CNBC: “Inflation is continuing to rise—here’s how it could affect your money”

CNBC, June 16, 2021 — In today’s CNBC’s Make It article, reporter Alicia Adamczyk writes:

“Last month, the U.S. consumer price index, a survey of a variety of goods, rose 5% compared with a year ago. The gain was a bit more than anticipated and the largest increase since the summer of 2008, according to the Labor Department. That has Wall Street buzzing about what inflation means for markets and the economy. But what does it mean for, you know, normal people? Mostly, higher prices. But first, it’s important to understand what inflation is and where it comes from. Essentially, inflation is the rise in prices you’ll pay for goods and services. You’ll have to spend more to get the same things. Some level of inflation — around 2% — is normal.”

Alicia turned to Marguerita Cheng, CFP® Pro, CEO of Blue Ocean Global Wealth Management, for insight into consumer goods and savings accounts.

Alicia explains: Inflation erodes the average person’s purchasing power. Everyone’s true inflation rate is different because we all buy different products and services. You can expect to pay more for used cars and car rentals, furniture, airline fares, hotels, and everyday essentials like groceries and gas. Used car prices rose 29.7% compared with last year, for example, while clothing costs 5.6% more. Housing and remodeling supplies are also sky-high.

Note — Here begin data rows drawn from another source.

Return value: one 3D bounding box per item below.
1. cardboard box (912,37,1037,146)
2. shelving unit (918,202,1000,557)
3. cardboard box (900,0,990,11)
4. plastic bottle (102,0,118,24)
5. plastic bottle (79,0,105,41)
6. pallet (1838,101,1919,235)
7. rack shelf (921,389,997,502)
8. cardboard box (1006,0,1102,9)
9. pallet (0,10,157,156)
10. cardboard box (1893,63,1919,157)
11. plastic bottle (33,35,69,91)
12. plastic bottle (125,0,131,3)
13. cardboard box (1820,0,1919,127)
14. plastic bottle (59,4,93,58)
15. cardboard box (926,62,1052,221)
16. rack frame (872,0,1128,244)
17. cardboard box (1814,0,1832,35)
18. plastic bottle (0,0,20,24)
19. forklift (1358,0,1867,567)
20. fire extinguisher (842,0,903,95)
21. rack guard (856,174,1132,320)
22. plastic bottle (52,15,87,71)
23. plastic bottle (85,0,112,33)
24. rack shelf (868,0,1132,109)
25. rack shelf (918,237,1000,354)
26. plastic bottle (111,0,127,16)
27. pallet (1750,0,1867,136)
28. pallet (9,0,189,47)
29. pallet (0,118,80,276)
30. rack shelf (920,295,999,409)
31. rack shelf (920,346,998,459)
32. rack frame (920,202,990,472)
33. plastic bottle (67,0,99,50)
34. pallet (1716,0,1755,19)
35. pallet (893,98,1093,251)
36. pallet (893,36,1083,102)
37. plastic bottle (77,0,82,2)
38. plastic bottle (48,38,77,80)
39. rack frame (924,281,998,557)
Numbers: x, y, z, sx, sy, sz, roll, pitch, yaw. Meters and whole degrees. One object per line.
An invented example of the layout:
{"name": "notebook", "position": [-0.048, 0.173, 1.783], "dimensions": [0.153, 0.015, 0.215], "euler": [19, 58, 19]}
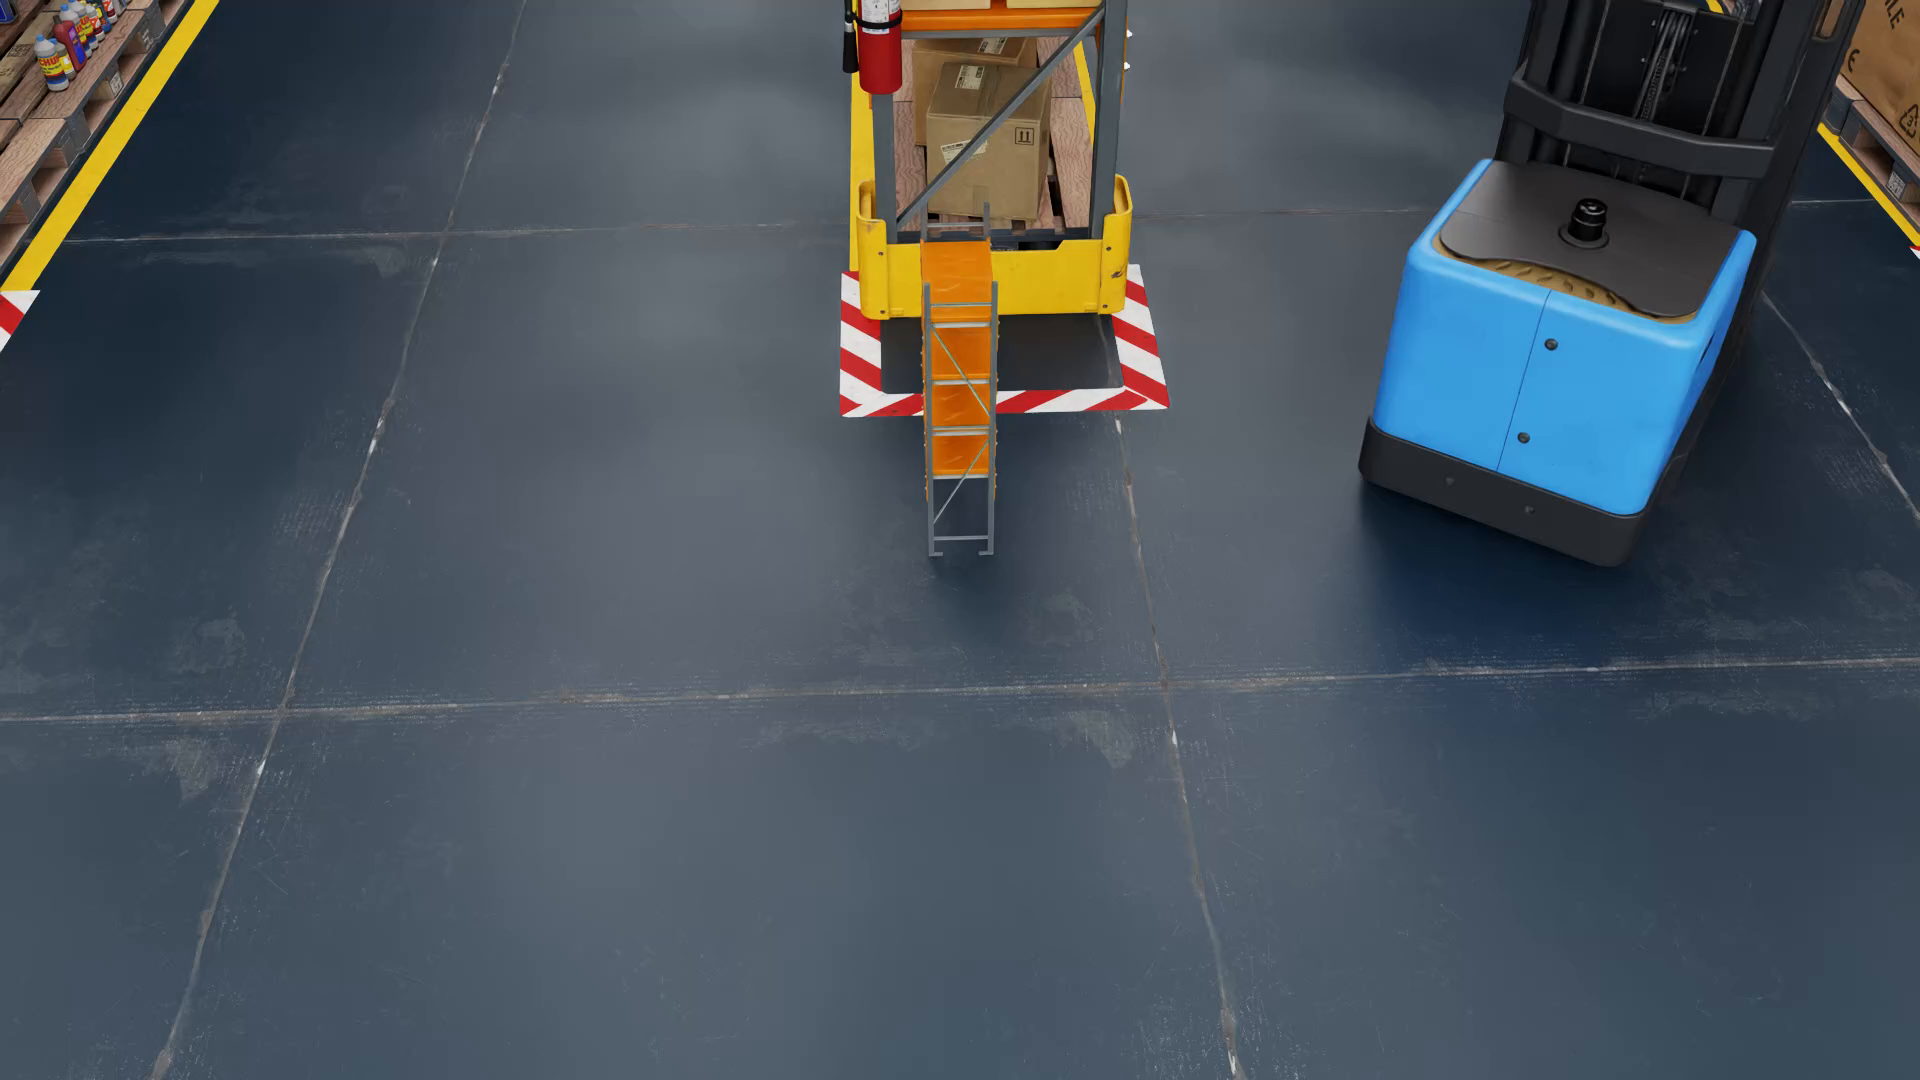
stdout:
{"name": "cardboard box", "position": [0.075, -2.212, 7.983], "dimensions": [0.500, 0.500, 0.500], "euler": [9, 43, 9]}
{"name": "shelving unit", "position": [-0.007, -0.554, 5.966], "dimensions": [0.258, 1.200, 0.503], "euler": [-2, 43, -2]}
{"name": "cardboard box", "position": [-0.074, -2.248, 6.669], "dimensions": [0.380, 0.149, 0.250], "euler": [-2, 43, -2]}
{"name": "plastic bottle", "position": [-4.601, -2.880, 8.918], "dimensions": [0.097, 0.201, 0.097], "euler": [0, 43, 0]}
{"name": "plastic bottle", "position": [-4.592, -2.742, 8.767], "dimensions": [0.097, 0.201, 0.097], "euler": [0, 43, 0]}
{"name": "pallet", "position": [4.992, -1.738, 7.990], "dimensions": [1.003, 0.211, 1.213], "euler": [-2, 43, -2]}
{"name": "rack shelf", "position": [-0.007, -0.358, 6.146], "dimensions": [0.258, 0.148, 0.480], "euler": [-2, 43, -2]}
{"name": "cardboard box", "position": [0.371, -2.261, 6.683], "dimensions": [0.380, 0.149, 0.250], "euler": [-2, 43, -2]}
{"name": "pallet", "position": [-4.932, -2.405, 8.717], "dimensions": [1.003, 0.211, 1.213], "euler": [-2, 43, -2]}
{"name": "cardboard box", "position": [5.010, -2.056, 7.535], "dimensions": [0.875, 0.875, 0.875], "euler": [-1, 43, -2]}
{"name": "plastic bottle", "position": [-4.569, -2.402, 8.344], "dimensions": [0.097, 0.271, 0.097], "euler": [0, 43, 0]}
{"name": "plastic bottle", "position": [-4.636, -3.124, 9.073], "dimensions": [0.144, 0.351, 0.185], "euler": [-2, 43, -2]}
{"name": "cardboard box", "position": [4.970, -2.650, 8.183], "dimensions": [0.875, 0.875, 0.875], "euler": [-2, 43, -2]}
{"name": "plastic bottle", "position": [-4.584, -2.633, 8.596], "dimensions": [0.097, 0.271, 0.097], "euler": [0, 43, 0]}
{"name": "cardboard box", "position": [0.135, -1.810, 7.544], "dimensions": [0.500, 0.500, 0.500], "euler": [6, 43, 6]}
{"name": "rack frame", "position": [0.145, -2.154, 6.381], "dimensions": [1.000, 3.000, 0.127], "euler": [-2, 43, -2]}
{"name": "cardboard box", "position": [4.934, -3.266, 8.854], "dimensions": [0.875, 0.875, 0.875], "euler": [-1, 43, -1]}
{"name": "plastic bottle", "position": [-5.181, -2.921, 8.907], "dimensions": [0.152, 0.276, 0.135], "euler": [-2, 43, -2]}
{"name": "forklift", "position": [2.756, -1.956, 6.215], "dimensions": [1.130, 2.935, 3.031], "euler": [23, 47, 23]}
{"name": "fire extinguisher", "position": [-0.311, -2.035, 6.308], "dimensions": [0.296, 0.674, 0.183], "euler": [-2, 43, -2]}
{"name": "rack guard", "position": [0.142, -1.284, 7.281], "dimensions": [1.175, 0.500, 0.348], "euler": [-2, 43, -2]}
{"name": "plastic bottle", "position": [-4.561, -2.559, 8.507], "dimensions": [0.061, 0.283, 0.133], "euler": [-1, 43, -1]}
{"name": "plastic bottle", "position": [-4.597, -2.837, 8.819], "dimensions": [0.097, 0.271, 0.097], "euler": [0, 43, 0]}
{"name": "rack shelf", "position": [0.060, -3.239, 8.097], "dimensions": [1.077, 0.370, 4.000], "euler": [-2, 43, -2]}
{"name": "rack shelf", "position": [-0.007, -0.844, 5.701], "dimensions": [0.258, 0.148, 0.480], "euler": [-2, 43, -2]}
{"name": "plastic bottle", "position": [-4.633, -2.987, 8.979], "dimensions": [0.152, 0.276, 0.135], "euler": [-1, 43, -1]}
{"name": "pallet", "position": [4.944, -2.560, 8.886], "dimensions": [1.003, 0.211, 1.213], "euler": [-2, 43, -2]}
{"name": "pallet", "position": [-4.987, -3.230, 9.618], "dimensions": [1.003, 0.211, 1.213], "euler": [-2, 43, -2]}
{"name": "pallet", "position": [-4.883, -1.583, 7.821], "dimensions": [1.003, 0.211, 1.213], "euler": [-2, 43, -2]}
{"name": "rack shelf", "position": [-0.007, -0.669, 5.861], "dimensions": [0.258, 0.148, 0.480], "euler": [-2, 43, -2]}
{"name": "rack shelf", "position": [-0.007, -0.504, 6.012], "dimensions": [0.258, 0.148, 0.480], "euler": [-2, 43, -2]}
{"name": "rack frame", "position": [-0.017, -0.719, 6.146], "dimensions": [0.240, 1.200, 0.015], "euler": [-2, 43, -2]}
{"name": "plastic bottle", "position": [-4.588, -2.701, 8.670], "dimensions": [0.097, 0.271, 0.097], "euler": [0, 43, 0]}
{"name": "pallet", "position": [4.889, -3.385, 9.787], "dimensions": [1.003, 0.211, 1.213], "euler": [-2, 43, -2]}
{"name": "pallet", "position": [0.142, -1.727, 7.978], "dimensions": [1.003, 0.211, 1.213], "euler": [-2, 43, -2]}
{"name": "pallet", "position": [0.094, -2.549, 8.875], "dimensions": [1.003, 0.211, 1.213], "euler": [-2, 43, -2]}
{"name": "plastic bottle", "position": [-4.740, -2.986, 8.973], "dimensions": [0.061, 0.283, 0.133], "euler": [-2, 43, -2]}
{"name": "plastic bottle", "position": [-4.574, -2.446, 8.444], "dimensions": [0.097, 0.201, 0.097], "euler": [0, 43, 0]}
{"name": "rack frame", "position": [0.003, -0.389, 5.787], "dimensions": [0.240, 1.200, 0.015], "euler": [-2, 43, -2]}

Rita insists: “That’s no reason not to spend money, especially after the past 15 months. You just want to be mindful of the increased prices. With interest rates on savings accounts already hovering just above 0% nationwide, inflation can make your cash worth even less. But that’s no reason to move it around, especially your emergency fund. Savings is not designed to make you rich. It’s meant to provide a financial cushion, should you need it. That said, if you have more idle cash than you need in an emergency fund (experts recommend having three to six months’ worth of expenses stashed away, sometimes more), then you might consider investing some of it.”